If a picture appears in the records, leave it out and transcribe the rest exactly.
--- Records for this task ---
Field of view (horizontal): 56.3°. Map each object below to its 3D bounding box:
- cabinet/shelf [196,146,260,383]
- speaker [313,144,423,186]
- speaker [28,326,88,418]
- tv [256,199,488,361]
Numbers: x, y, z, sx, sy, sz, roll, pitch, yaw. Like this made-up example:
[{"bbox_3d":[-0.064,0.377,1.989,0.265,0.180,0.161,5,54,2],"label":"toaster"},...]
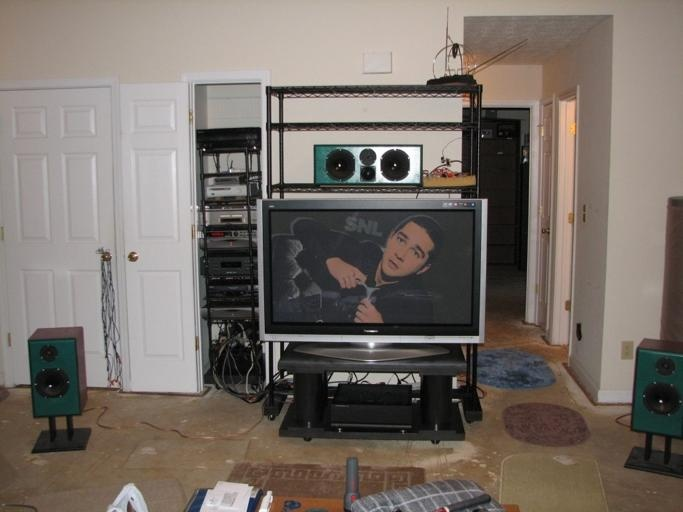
---
(Task response)
Field of view (horizontal): 56.3°. Map each object below to its 3D bounding box:
- cabinet/shelf [196,146,260,383]
- speaker [313,144,423,186]
- speaker [28,326,88,418]
- tv [256,199,488,361]
Numbers: x, y, z, sx, sy, sz, roll, pitch, yaw. Like this made-up example:
[{"bbox_3d":[-0.064,0.377,1.989,0.265,0.180,0.161,5,54,2],"label":"toaster"},...]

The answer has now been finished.